(Collected data entries)
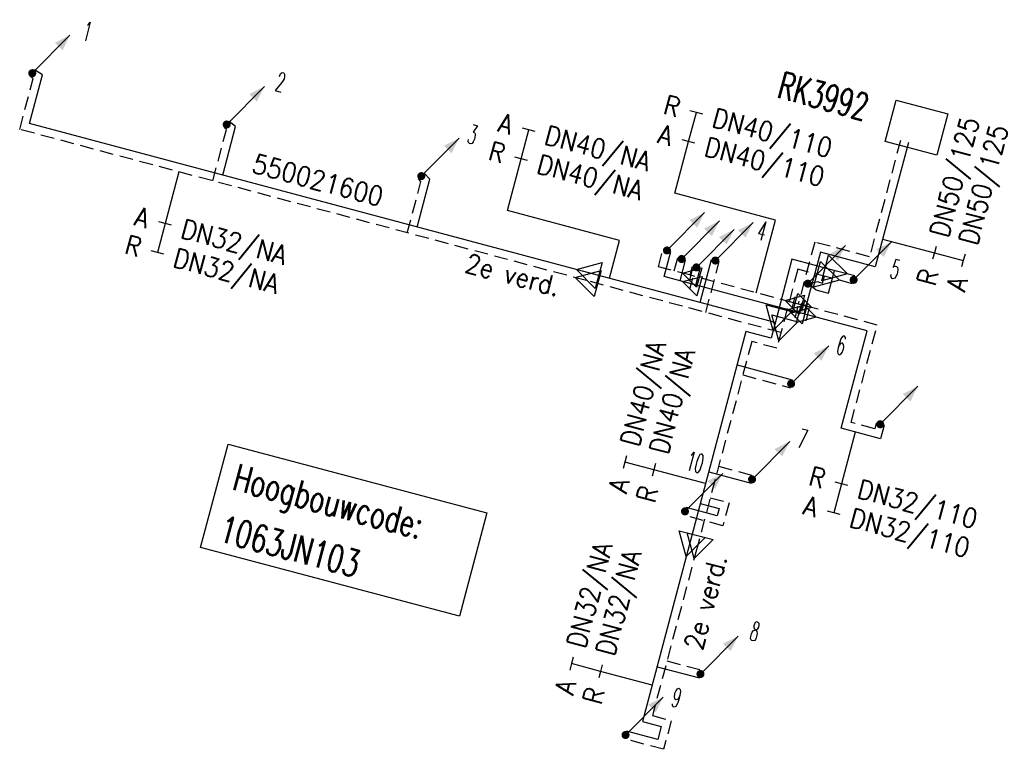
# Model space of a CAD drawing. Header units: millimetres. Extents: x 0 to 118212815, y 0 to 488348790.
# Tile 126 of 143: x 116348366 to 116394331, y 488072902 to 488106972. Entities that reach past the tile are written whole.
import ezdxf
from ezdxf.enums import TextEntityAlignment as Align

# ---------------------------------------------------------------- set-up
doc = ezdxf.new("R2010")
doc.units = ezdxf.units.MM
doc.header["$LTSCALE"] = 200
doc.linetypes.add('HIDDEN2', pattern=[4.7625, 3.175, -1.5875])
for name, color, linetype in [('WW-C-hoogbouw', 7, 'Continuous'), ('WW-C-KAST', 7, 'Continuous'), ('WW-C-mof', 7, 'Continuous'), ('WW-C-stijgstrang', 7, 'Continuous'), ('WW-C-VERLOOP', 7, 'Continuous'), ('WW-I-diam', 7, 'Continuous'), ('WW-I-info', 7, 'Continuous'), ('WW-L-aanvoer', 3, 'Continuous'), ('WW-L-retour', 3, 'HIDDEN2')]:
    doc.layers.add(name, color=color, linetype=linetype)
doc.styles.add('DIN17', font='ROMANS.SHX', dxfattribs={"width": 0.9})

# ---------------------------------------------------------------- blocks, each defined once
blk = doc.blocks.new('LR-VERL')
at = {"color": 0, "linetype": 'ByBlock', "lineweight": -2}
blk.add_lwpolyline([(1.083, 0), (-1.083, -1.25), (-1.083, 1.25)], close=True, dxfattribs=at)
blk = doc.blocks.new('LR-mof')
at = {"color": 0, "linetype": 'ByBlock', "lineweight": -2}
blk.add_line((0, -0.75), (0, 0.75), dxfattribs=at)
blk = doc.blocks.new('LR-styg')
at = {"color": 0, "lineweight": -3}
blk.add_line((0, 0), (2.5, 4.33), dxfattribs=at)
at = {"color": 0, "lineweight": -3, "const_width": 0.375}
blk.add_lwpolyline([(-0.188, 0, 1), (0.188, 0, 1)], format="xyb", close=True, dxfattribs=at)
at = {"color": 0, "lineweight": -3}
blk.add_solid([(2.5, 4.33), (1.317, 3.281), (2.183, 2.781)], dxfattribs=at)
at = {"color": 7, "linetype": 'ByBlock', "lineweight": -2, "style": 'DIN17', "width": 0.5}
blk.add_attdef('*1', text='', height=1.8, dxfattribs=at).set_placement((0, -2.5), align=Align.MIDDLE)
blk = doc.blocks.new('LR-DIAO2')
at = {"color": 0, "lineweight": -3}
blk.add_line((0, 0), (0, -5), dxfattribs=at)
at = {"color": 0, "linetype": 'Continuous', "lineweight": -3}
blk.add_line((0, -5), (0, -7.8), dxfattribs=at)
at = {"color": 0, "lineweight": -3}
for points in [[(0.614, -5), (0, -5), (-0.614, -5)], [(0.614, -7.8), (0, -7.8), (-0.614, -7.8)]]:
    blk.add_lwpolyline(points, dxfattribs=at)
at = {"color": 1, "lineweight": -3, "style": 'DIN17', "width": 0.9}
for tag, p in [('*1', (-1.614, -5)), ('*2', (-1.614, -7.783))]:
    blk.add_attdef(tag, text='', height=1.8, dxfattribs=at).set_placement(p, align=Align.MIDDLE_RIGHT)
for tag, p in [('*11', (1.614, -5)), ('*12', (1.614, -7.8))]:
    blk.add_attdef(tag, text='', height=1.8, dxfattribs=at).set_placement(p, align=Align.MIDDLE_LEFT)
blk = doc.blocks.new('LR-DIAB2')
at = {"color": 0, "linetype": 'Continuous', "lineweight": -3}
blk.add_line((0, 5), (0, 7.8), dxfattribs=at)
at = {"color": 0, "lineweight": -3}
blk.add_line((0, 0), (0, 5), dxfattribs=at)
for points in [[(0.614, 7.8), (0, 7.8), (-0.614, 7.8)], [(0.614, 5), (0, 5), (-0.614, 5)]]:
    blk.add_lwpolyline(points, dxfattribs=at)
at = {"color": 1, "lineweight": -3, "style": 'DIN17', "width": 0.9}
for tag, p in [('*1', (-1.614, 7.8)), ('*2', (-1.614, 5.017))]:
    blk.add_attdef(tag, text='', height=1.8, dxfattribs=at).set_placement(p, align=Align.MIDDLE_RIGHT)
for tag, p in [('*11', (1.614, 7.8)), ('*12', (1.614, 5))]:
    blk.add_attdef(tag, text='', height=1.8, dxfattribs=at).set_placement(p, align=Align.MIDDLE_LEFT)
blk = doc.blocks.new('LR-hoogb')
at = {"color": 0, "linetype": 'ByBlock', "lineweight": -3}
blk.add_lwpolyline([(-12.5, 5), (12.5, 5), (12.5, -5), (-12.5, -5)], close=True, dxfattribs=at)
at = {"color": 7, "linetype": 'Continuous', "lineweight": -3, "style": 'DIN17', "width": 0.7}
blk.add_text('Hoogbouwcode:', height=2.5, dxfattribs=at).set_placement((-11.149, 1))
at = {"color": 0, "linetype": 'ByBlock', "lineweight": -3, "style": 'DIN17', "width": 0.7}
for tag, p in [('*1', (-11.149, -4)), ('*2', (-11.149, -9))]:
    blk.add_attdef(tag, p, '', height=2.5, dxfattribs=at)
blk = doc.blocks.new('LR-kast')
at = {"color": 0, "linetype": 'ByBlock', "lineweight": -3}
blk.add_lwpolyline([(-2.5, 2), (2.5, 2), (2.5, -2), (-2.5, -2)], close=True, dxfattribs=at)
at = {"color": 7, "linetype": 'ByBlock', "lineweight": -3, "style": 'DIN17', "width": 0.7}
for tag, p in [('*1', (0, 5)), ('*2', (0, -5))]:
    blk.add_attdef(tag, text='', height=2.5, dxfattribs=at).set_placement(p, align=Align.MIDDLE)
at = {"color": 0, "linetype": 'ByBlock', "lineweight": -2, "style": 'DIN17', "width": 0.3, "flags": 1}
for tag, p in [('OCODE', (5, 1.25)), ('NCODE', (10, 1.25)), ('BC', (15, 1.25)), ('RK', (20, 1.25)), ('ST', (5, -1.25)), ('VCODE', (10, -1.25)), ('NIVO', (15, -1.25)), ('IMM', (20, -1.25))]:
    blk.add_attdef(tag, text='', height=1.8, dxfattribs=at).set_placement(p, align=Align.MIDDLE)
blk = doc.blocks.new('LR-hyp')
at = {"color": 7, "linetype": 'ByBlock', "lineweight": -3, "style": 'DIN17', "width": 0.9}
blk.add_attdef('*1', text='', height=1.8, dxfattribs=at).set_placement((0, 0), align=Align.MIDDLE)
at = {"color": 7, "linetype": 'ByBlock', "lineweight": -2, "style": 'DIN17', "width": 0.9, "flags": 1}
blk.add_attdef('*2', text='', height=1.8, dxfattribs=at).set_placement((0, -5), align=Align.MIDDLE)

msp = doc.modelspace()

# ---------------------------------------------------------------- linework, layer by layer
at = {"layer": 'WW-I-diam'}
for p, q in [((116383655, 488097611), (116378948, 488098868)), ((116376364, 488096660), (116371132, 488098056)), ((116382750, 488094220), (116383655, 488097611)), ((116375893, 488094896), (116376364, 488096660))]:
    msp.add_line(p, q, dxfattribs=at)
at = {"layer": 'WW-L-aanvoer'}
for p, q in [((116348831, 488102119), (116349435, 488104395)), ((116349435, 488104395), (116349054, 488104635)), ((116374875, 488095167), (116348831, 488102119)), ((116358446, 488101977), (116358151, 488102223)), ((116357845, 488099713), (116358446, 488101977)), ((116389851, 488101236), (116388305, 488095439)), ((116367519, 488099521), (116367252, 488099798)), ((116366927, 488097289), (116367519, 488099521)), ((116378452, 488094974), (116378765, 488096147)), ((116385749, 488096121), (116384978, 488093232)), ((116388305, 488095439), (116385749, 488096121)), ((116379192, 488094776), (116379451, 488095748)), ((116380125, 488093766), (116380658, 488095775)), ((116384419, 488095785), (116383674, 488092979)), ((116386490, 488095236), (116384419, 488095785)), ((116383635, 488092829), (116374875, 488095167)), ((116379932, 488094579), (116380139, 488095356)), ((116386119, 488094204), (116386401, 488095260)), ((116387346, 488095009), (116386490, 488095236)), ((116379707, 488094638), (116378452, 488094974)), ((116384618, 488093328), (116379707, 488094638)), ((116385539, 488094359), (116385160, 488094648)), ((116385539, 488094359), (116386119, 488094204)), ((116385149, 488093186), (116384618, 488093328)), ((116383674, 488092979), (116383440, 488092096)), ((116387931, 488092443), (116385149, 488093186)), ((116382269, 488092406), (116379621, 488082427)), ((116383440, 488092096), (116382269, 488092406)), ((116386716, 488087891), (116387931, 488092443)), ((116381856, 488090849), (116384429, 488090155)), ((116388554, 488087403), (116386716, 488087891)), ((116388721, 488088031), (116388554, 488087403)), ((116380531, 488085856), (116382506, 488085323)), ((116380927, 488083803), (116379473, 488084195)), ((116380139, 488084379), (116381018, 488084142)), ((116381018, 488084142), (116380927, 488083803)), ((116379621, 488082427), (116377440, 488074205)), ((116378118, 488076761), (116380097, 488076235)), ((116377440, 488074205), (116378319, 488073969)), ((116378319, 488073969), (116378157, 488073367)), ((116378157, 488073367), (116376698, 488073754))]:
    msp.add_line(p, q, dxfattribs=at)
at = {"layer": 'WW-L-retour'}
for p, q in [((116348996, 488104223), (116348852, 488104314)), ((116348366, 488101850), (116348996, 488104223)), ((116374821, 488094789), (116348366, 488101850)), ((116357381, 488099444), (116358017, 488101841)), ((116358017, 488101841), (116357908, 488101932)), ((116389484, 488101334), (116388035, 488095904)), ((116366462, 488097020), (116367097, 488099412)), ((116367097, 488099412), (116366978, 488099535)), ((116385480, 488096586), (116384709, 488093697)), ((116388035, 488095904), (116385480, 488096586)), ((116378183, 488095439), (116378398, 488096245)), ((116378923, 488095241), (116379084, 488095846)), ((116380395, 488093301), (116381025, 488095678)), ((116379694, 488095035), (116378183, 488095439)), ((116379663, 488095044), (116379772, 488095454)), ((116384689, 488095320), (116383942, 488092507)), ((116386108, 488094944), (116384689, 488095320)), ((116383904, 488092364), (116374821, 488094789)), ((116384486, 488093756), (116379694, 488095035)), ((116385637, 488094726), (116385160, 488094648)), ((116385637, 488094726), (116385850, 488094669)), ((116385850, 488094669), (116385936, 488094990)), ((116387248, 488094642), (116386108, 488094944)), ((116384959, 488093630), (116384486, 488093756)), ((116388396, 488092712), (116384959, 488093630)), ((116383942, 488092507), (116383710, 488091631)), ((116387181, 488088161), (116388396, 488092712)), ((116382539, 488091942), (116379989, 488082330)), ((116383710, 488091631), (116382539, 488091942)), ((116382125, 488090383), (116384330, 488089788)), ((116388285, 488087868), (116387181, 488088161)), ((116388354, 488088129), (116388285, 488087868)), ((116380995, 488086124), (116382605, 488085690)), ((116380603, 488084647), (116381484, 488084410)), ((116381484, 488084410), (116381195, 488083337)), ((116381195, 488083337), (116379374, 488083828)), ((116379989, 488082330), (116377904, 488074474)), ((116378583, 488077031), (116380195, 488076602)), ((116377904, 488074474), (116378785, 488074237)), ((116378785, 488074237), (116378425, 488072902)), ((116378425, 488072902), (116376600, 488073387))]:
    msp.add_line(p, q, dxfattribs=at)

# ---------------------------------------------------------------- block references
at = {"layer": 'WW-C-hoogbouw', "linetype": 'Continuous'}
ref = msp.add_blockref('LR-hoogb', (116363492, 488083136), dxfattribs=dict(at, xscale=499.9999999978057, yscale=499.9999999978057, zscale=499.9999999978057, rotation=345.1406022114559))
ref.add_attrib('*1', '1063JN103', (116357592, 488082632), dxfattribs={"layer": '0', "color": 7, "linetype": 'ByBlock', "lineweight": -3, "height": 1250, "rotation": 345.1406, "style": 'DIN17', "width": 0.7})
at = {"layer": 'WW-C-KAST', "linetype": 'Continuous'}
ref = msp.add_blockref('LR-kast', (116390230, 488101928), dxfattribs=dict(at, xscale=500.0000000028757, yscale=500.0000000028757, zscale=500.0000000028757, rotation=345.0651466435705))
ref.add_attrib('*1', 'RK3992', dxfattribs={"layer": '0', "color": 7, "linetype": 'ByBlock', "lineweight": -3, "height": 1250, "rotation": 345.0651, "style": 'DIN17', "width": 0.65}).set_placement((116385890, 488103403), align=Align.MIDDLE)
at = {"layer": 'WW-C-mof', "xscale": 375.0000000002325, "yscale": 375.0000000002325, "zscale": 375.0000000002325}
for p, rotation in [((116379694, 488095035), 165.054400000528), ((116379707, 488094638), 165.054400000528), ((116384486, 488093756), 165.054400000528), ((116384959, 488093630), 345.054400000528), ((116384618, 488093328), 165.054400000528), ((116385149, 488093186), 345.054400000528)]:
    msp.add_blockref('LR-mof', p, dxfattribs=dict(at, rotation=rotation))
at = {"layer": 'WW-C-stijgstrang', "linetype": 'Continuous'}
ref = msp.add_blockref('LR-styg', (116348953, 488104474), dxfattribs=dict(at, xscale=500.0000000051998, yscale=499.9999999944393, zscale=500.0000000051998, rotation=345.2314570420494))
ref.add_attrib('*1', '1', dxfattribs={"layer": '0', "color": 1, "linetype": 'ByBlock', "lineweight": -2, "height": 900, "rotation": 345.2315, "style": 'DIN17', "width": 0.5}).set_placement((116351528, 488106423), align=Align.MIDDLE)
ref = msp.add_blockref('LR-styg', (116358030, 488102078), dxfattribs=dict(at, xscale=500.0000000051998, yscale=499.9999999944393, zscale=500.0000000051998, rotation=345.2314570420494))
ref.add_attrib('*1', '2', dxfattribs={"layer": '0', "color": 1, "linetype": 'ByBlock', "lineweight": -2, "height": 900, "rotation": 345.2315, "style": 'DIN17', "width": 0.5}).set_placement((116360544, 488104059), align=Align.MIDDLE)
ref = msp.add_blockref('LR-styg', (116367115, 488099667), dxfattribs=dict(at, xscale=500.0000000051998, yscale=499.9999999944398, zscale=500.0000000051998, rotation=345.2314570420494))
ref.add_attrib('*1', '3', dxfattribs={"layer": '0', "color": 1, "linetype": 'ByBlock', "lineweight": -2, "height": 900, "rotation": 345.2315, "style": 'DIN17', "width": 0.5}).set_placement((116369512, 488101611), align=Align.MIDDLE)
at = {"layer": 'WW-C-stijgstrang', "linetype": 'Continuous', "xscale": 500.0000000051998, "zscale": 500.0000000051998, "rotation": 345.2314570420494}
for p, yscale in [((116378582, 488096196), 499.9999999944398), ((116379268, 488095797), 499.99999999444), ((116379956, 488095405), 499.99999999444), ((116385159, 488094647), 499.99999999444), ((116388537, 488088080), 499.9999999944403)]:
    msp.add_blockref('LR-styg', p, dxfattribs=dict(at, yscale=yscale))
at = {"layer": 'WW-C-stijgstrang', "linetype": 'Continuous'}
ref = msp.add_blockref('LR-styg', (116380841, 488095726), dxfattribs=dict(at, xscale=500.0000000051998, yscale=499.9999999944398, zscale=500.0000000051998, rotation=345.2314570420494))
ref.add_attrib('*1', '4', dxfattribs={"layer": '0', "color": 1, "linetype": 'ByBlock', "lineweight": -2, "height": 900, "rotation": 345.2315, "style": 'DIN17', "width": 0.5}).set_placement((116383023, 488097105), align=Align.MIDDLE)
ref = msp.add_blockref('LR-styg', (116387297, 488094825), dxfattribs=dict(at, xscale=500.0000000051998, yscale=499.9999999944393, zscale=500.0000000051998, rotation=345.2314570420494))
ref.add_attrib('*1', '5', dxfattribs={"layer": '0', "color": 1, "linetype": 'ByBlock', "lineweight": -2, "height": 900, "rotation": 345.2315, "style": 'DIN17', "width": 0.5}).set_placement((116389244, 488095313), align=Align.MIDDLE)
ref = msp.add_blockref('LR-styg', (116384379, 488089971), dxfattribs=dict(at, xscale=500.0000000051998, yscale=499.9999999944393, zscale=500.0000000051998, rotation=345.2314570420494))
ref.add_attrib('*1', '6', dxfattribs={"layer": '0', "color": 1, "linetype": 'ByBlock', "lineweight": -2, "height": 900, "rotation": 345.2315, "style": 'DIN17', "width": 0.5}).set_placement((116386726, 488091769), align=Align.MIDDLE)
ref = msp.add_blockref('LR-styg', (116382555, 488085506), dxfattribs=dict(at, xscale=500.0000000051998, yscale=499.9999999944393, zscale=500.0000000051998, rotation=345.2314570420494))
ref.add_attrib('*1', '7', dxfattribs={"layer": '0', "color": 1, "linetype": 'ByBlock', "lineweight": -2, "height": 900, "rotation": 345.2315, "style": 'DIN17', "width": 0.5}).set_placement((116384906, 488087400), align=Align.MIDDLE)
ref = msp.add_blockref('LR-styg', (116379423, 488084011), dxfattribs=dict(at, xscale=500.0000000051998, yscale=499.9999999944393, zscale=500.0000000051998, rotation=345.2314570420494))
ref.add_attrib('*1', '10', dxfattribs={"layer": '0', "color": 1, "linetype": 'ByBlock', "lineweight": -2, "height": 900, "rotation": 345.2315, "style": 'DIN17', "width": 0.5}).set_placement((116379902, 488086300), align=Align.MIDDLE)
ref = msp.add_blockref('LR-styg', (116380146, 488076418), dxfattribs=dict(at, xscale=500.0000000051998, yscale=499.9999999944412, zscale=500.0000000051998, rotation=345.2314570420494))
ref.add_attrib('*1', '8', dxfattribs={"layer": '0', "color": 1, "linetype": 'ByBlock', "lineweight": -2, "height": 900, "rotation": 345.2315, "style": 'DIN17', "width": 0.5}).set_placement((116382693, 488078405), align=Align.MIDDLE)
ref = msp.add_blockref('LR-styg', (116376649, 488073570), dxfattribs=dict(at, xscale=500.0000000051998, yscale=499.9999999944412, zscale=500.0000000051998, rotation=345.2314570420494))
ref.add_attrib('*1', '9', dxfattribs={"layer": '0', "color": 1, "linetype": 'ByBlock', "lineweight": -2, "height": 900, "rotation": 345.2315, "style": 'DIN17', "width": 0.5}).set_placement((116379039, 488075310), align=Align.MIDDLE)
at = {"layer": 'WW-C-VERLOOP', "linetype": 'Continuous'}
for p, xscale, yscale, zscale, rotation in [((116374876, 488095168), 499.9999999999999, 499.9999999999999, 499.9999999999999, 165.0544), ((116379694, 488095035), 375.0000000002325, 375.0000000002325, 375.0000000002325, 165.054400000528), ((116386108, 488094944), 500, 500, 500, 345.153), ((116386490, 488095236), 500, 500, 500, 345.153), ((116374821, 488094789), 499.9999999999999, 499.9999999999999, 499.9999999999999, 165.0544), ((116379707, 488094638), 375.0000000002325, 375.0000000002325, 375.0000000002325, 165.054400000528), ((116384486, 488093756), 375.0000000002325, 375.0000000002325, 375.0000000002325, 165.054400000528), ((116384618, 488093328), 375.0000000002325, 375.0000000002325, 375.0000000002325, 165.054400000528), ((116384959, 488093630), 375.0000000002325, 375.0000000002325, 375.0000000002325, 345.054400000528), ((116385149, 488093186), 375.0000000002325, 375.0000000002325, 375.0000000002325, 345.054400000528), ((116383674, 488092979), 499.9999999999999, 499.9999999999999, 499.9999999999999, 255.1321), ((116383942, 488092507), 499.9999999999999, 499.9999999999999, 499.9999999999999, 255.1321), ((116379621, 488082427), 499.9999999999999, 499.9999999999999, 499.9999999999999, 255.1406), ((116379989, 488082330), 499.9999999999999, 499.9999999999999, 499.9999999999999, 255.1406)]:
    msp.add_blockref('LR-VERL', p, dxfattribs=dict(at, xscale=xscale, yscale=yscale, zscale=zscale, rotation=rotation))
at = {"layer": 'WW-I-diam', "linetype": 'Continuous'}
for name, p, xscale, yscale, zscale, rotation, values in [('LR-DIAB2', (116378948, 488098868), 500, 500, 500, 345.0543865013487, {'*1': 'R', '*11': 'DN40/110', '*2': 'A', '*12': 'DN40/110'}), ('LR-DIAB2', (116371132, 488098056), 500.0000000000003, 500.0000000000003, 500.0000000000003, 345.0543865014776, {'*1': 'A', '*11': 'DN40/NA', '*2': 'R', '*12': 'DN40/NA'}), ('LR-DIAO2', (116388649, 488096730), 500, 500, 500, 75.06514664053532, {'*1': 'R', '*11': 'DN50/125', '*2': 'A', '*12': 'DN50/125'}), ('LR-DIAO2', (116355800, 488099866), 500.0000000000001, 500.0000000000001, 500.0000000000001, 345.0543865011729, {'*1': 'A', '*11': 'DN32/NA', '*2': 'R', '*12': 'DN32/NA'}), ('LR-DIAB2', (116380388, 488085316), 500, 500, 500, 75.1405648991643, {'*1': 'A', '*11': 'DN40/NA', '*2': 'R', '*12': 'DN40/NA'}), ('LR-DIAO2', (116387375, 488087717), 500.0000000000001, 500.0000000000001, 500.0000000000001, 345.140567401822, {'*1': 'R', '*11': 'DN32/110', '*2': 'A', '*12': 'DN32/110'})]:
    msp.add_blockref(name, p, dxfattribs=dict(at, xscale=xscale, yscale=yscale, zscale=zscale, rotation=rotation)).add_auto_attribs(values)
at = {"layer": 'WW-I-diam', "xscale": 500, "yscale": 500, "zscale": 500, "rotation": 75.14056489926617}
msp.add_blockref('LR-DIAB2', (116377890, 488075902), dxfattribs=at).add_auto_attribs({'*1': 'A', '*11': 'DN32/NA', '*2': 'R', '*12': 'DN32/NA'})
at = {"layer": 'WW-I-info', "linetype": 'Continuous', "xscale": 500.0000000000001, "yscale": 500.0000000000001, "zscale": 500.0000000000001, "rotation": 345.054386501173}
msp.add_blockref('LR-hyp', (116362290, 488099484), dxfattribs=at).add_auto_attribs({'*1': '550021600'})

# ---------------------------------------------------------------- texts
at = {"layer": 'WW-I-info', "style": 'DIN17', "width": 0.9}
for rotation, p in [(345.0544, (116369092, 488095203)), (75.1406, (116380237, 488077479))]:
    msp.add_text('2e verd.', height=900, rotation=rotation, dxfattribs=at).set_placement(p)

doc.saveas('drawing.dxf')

**EXERCISE BRIEF**
Take the entries above and return only the lines from the one with "from ezdxf.enums import" to the one with "doc.linetypes.add('HIDDEN2', pattern=[4.7625, 3.175, -1.5875])", both included, unchanged.

**WRITTEN SOLUTION**
from ezdxf.enums import TextEntityAlignment as Align

# ---------------------------------------------------------------- set-up
doc = ezdxf.new("R2010")
doc.units = ezdxf.units.MM
doc.header["$LTSCALE"] = 200
doc.linetypes.add('HIDDEN2', pattern=[4.7625, 3.175, -1.5875])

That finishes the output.